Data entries
━━━

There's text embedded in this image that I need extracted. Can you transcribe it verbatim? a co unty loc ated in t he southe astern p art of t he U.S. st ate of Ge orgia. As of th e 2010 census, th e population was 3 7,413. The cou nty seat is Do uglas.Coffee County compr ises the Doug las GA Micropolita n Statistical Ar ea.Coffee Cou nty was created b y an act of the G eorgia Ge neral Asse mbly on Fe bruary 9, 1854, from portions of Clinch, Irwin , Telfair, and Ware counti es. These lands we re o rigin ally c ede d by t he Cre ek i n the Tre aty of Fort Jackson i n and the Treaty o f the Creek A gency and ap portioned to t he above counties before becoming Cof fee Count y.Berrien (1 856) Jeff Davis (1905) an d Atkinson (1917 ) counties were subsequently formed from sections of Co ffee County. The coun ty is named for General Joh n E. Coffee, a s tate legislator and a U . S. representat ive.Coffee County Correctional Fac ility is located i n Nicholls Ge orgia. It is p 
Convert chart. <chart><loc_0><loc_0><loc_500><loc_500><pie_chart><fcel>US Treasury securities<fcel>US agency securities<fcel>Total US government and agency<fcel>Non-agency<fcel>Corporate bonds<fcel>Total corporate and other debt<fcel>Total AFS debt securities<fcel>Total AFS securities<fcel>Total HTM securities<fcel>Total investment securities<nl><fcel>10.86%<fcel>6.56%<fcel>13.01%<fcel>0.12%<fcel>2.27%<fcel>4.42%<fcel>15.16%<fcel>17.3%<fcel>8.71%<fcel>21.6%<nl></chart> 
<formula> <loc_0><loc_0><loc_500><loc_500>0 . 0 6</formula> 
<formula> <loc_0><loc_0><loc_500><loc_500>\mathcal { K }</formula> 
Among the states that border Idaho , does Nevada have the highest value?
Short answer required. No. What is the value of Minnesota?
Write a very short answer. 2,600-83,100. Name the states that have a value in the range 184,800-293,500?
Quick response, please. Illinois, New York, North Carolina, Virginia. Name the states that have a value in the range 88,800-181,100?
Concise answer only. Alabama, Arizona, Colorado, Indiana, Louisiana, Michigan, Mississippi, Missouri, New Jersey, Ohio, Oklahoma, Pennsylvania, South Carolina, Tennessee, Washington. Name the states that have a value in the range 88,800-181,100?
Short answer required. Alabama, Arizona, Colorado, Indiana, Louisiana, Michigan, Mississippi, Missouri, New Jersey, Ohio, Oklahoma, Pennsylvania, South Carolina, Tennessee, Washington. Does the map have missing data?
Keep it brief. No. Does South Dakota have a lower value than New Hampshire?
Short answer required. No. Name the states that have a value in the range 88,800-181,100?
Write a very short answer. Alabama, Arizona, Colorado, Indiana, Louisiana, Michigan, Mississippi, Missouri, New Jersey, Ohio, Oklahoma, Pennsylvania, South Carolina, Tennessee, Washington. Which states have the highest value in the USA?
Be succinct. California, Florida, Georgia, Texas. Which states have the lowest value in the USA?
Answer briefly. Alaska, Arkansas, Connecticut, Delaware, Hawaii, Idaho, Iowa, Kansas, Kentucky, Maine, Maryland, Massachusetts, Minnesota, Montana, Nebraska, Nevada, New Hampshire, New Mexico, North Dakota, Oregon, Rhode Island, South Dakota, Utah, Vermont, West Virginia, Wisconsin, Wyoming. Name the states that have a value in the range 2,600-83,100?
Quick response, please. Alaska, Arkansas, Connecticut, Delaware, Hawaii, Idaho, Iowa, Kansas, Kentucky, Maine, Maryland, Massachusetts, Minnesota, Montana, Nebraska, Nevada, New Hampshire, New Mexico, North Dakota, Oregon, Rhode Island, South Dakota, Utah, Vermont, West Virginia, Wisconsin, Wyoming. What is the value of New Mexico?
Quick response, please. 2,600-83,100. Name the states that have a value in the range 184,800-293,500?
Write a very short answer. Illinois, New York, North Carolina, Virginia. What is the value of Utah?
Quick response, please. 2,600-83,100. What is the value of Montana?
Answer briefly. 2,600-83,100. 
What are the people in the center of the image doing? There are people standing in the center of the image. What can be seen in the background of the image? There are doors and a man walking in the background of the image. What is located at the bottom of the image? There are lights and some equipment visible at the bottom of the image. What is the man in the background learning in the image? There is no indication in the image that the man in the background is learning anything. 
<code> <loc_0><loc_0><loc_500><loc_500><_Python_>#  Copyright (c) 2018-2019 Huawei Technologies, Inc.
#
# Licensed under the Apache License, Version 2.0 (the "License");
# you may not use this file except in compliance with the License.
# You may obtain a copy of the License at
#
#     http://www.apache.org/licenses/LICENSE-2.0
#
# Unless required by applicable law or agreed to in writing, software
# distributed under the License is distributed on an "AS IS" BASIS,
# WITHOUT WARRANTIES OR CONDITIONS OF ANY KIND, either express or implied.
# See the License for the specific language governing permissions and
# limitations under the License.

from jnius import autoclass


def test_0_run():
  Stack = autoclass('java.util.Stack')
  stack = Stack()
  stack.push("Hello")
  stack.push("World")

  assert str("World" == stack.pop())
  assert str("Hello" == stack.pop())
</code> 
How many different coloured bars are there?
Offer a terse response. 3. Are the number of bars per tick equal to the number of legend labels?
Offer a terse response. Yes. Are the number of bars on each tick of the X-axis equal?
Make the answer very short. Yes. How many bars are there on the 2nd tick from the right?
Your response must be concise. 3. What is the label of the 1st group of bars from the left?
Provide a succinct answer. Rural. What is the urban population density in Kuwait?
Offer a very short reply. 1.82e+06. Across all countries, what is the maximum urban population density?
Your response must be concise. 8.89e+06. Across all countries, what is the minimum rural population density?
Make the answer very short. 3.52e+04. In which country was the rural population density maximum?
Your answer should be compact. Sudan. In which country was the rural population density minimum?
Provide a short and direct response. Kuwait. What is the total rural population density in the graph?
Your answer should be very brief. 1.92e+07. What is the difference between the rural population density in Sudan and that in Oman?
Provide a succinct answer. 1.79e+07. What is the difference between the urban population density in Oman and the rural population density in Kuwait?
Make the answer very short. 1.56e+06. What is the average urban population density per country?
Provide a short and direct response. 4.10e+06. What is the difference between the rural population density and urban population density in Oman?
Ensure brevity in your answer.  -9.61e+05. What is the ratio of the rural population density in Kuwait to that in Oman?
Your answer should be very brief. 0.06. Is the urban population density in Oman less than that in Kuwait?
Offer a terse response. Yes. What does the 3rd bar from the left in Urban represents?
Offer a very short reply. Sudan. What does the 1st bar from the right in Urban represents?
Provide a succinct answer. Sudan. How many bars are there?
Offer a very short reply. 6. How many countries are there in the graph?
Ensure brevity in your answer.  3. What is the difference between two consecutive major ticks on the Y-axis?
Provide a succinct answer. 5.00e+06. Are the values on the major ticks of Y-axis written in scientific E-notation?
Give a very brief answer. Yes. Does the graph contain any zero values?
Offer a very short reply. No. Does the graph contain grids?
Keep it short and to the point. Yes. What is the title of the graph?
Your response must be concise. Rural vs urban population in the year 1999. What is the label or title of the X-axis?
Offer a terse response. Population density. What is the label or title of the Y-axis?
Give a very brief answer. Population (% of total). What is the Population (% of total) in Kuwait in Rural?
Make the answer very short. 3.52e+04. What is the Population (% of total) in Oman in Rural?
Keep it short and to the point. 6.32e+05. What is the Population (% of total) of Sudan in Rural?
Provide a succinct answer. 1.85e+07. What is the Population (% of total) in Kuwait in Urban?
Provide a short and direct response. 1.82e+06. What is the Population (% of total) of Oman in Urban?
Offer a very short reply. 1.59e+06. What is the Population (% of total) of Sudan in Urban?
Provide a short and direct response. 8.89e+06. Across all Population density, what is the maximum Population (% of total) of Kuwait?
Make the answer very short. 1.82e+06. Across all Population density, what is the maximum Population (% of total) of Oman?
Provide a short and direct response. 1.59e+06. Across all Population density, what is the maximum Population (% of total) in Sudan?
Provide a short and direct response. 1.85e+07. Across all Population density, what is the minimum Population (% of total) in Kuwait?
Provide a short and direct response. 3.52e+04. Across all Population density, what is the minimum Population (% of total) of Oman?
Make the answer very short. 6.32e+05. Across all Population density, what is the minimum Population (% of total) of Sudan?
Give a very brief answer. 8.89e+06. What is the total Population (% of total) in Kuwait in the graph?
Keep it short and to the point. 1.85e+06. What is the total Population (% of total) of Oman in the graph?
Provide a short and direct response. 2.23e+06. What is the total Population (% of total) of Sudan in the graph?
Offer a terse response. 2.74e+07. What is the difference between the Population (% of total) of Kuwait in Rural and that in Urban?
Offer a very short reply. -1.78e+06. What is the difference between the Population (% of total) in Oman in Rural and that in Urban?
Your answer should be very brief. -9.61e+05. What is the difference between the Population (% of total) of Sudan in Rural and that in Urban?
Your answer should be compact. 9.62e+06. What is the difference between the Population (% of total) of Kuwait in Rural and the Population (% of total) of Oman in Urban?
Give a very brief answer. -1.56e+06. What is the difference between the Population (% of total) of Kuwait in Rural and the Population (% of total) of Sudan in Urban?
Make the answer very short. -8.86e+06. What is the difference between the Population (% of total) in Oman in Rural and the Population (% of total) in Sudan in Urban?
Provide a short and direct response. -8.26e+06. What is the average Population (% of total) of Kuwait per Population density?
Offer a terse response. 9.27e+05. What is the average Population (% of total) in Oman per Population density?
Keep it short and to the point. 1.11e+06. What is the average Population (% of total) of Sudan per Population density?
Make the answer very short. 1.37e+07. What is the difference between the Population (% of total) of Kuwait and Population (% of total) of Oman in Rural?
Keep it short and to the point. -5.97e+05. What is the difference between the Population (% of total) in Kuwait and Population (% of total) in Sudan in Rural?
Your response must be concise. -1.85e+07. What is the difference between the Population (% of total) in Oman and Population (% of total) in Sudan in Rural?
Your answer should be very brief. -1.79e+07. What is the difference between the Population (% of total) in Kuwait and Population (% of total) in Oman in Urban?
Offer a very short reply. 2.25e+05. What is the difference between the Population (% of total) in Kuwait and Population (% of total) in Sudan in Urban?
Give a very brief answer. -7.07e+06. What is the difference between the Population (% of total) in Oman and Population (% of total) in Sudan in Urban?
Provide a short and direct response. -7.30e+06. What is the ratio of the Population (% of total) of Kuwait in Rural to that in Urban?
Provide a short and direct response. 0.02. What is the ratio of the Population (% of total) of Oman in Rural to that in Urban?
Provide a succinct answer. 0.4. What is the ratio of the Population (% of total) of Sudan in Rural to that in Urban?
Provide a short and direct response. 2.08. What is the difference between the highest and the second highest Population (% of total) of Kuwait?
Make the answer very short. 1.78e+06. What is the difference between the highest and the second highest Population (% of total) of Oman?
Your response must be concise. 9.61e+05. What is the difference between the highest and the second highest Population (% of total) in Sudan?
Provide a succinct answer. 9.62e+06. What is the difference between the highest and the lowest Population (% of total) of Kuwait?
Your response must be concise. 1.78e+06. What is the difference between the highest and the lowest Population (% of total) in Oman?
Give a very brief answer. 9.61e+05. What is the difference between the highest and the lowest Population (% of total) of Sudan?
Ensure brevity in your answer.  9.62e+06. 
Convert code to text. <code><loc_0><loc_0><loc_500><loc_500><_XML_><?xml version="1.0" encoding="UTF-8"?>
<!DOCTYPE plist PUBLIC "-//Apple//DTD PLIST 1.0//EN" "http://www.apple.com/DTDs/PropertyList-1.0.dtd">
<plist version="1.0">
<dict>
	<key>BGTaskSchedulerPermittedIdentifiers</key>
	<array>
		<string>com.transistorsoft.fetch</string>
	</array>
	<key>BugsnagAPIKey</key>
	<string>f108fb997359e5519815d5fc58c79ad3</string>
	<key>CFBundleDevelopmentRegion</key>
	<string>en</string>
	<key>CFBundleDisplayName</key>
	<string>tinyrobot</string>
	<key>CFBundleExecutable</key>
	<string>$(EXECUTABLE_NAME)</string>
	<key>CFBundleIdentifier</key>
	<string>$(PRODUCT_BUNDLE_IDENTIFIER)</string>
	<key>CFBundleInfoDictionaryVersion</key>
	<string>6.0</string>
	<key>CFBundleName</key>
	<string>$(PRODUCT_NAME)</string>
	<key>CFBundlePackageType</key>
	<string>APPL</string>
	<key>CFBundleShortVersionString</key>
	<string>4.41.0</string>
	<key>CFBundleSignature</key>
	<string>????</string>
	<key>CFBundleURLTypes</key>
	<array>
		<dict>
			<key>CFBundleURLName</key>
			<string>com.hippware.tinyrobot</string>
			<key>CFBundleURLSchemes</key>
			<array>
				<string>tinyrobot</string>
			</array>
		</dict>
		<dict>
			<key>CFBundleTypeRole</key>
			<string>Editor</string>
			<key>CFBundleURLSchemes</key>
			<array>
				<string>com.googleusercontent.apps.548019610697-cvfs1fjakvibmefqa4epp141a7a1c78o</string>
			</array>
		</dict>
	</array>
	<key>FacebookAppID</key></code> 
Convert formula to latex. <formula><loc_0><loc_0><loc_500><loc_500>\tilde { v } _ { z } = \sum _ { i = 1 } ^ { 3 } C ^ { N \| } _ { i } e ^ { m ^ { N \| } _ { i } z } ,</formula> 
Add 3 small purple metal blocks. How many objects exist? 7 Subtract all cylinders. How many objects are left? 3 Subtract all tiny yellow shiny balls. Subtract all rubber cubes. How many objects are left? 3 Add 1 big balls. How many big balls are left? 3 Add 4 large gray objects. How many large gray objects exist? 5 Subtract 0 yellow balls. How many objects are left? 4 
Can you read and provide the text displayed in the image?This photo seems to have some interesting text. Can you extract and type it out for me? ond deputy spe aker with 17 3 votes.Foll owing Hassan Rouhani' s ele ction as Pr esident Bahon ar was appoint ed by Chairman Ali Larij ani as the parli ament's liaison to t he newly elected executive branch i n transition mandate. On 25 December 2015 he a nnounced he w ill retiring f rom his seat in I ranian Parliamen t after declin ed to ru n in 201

━━━

- **Directions**:
Going back over the entries above, copy word for word every line from the one that has "<string>en</string>" on through the one that has "<key>FacebookAppID</key></code>".

- **Result**:
	<string>en</string>
	<key>CFBundleDisplayName</key>
	<string>tinyrobot</string>
	<key>CFBundleExecutable</key>
	<string>$(EXECUTABLE_NAME)</string>
	<key>CFBundleIdentifier</key>
	<string>$(PRODUCT_BUNDLE_IDENTIFIER)</string>
	<key>CFBundleInfoDictionaryVersion</key>
	<string>6.0</string>
	<key>CFBundleName</key>
	<string>$(PRODUCT_NAME)</string>
	<key>CFBundlePackageType</key>
	<string>APPL</string>
	<key>CFBundleShortVersionString</key>
	<string>4.41.0</string>
	<key>CFBundleSignature</key>
	<string>????</string>
	<key>CFBundleURLTypes</key>
	<array>
		<dict>
			<key>CFBundleURLName</key>
			<string>com.hippware.tinyrobot</string>
			<key>CFBundleURLSchemes</key>
			<array>
				<string>tinyrobot</string>
			</array>
		</dict>
		<dict>
			<key>CFBundleTypeRole</key>
			<string>Editor</string>
			<key>CFBundleURLSchemes</key>
			<array>
				<string>com.googleusercontent.apps.548019610697-cvfs1fjakvibmefqa4epp141a7a1c78o</string>
			</array>
		</dict>
	</array>
	<key>FacebookAppID</key></code> 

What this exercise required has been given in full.